*Assignment:* For every line of the material below, check for the string "degrees" and return the line if it is there.
_ _ _
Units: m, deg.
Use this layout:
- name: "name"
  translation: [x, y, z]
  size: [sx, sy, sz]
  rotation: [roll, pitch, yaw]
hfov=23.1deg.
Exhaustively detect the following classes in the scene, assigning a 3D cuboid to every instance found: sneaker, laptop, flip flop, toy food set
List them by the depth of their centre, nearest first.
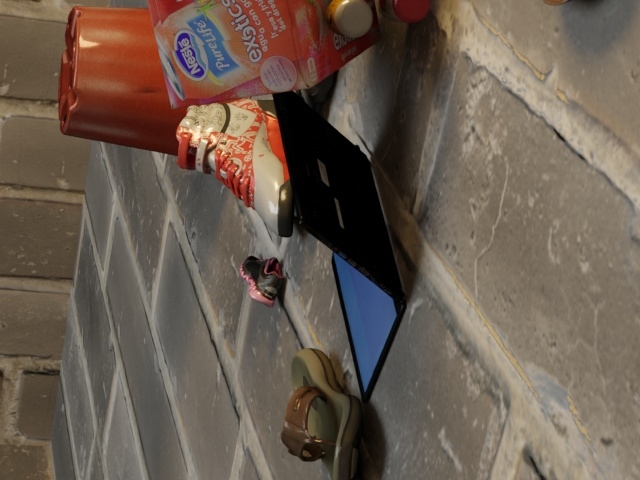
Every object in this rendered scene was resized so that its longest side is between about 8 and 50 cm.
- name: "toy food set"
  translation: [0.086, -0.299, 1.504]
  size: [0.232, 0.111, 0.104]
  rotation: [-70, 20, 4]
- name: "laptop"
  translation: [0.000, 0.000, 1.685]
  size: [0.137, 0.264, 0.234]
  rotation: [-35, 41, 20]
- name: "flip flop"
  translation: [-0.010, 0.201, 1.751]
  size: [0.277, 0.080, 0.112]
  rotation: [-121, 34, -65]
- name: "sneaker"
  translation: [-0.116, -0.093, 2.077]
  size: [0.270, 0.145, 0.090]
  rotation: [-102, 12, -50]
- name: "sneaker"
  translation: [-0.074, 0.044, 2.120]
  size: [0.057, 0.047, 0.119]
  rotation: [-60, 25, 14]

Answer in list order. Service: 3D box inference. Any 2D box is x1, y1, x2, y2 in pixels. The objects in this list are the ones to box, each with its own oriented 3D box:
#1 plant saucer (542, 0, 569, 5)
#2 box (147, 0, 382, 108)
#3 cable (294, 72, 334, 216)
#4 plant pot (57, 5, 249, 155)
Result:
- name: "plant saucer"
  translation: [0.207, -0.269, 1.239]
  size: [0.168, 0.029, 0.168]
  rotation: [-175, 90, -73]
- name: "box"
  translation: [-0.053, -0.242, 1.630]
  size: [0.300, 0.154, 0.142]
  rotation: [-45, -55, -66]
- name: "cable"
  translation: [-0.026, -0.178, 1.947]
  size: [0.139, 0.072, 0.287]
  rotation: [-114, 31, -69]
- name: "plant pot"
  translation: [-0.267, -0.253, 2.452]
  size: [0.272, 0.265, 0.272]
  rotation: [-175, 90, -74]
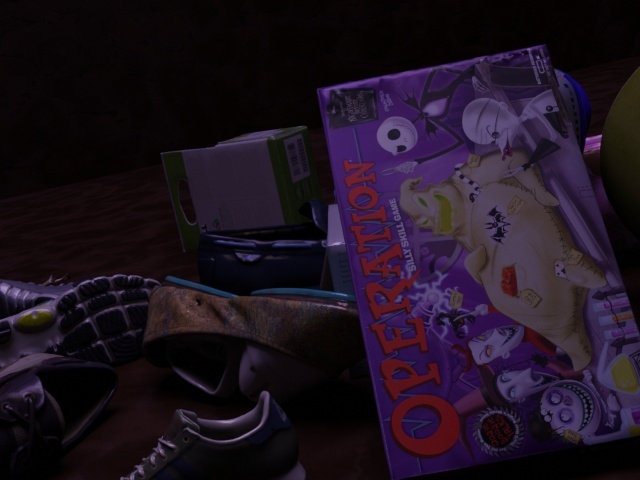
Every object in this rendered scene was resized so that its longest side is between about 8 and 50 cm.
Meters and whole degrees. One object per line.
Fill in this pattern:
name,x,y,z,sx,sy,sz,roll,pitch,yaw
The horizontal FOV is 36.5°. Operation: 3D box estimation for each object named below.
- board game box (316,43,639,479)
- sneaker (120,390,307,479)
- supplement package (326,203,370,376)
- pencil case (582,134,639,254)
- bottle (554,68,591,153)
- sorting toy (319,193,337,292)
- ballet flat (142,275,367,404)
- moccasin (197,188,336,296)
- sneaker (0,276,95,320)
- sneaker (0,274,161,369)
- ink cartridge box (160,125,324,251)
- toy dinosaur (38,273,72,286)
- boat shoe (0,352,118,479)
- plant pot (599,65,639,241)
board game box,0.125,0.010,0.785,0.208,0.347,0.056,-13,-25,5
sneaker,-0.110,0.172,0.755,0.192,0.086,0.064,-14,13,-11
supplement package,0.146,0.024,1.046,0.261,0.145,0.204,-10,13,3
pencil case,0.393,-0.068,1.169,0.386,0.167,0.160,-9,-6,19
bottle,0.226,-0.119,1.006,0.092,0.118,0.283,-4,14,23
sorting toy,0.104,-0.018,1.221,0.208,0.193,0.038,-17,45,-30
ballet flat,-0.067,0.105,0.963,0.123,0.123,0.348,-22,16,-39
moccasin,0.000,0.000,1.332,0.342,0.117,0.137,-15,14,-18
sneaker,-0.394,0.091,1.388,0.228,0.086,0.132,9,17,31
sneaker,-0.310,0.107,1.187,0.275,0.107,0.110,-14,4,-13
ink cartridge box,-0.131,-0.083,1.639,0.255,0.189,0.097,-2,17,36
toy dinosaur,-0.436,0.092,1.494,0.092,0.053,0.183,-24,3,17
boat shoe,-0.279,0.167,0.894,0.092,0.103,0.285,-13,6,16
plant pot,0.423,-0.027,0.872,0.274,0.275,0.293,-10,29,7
_ _ _
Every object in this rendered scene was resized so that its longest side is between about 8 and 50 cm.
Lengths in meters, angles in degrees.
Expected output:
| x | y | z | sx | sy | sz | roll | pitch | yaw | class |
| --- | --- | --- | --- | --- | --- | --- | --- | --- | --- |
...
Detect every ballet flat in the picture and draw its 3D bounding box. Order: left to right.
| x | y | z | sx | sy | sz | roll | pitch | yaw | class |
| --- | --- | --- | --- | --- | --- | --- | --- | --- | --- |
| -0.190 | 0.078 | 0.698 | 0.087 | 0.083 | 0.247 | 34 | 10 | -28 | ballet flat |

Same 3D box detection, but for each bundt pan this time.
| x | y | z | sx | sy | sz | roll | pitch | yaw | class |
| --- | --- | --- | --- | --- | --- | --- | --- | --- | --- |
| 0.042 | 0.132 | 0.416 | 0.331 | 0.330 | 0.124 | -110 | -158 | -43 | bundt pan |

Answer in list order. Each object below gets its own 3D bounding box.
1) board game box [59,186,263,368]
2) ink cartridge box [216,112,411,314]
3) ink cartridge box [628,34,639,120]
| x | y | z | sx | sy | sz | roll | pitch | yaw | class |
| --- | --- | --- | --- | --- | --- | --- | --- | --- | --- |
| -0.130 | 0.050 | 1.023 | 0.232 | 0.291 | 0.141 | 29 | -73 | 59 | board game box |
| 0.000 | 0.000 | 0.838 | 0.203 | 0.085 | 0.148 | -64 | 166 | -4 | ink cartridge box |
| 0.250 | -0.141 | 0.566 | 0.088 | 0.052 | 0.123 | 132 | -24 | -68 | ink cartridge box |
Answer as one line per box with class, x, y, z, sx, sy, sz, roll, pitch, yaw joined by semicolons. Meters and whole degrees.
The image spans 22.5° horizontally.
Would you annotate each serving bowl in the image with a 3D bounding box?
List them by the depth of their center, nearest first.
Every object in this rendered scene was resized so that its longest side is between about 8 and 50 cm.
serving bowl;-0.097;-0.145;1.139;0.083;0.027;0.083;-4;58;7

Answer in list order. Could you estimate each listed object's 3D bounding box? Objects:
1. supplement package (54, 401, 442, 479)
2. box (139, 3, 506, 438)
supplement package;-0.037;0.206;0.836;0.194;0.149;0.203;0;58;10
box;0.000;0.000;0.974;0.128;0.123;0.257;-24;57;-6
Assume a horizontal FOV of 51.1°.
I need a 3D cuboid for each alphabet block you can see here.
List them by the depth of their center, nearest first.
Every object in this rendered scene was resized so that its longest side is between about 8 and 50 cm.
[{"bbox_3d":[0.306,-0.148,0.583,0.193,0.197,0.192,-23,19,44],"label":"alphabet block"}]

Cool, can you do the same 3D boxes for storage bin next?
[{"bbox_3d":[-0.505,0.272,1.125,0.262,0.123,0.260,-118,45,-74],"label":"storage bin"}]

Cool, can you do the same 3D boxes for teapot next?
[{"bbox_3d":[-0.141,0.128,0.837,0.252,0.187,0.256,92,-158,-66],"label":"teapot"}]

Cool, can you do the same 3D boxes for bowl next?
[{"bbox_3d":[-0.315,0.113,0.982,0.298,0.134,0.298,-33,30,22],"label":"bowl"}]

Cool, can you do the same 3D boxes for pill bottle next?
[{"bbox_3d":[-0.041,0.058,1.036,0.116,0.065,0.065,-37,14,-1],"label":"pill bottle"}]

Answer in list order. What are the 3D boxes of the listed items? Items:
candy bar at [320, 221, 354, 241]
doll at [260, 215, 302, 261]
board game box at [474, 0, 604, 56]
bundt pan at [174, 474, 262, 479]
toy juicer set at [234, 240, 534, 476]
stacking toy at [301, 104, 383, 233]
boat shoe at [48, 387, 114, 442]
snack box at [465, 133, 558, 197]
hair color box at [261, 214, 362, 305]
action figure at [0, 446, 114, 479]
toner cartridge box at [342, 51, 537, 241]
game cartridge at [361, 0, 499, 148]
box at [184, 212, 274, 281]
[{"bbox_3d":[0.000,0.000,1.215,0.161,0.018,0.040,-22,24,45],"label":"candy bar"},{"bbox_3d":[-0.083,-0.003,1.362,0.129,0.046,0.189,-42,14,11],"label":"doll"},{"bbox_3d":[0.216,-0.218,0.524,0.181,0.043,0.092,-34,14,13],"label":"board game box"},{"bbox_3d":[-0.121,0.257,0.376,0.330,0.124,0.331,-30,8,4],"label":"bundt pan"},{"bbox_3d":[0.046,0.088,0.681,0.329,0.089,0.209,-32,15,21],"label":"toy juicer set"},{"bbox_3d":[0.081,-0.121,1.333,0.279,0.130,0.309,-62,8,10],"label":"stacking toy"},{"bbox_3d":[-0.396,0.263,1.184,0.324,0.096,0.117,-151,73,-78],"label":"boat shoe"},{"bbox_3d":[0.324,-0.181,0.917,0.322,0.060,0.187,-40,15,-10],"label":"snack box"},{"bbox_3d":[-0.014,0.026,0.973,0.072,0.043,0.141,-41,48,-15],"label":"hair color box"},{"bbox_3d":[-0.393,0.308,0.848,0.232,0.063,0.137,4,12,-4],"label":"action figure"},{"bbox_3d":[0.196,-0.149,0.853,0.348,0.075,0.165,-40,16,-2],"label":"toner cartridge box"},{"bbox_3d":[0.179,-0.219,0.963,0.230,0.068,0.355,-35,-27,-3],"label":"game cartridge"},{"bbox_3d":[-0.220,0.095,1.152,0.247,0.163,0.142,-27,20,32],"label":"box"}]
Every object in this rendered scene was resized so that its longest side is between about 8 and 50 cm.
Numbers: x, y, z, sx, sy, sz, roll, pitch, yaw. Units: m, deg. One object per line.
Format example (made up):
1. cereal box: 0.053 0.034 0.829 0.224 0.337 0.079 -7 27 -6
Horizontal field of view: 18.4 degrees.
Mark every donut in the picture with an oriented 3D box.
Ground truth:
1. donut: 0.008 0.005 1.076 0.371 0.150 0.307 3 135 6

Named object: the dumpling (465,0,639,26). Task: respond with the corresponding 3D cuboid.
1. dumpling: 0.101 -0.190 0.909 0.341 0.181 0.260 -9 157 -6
_ _ _
*Answer area:*
Meters and whole degrees. One object per line.
Lengths in meters, angles in degrees.
Answer as one line per box with class, x, y, z, sx, sy, sz, roll, pitch, yaw joined by semicolons. Meters and whole degrees.
Horizontal field of view: 18.4 degrees.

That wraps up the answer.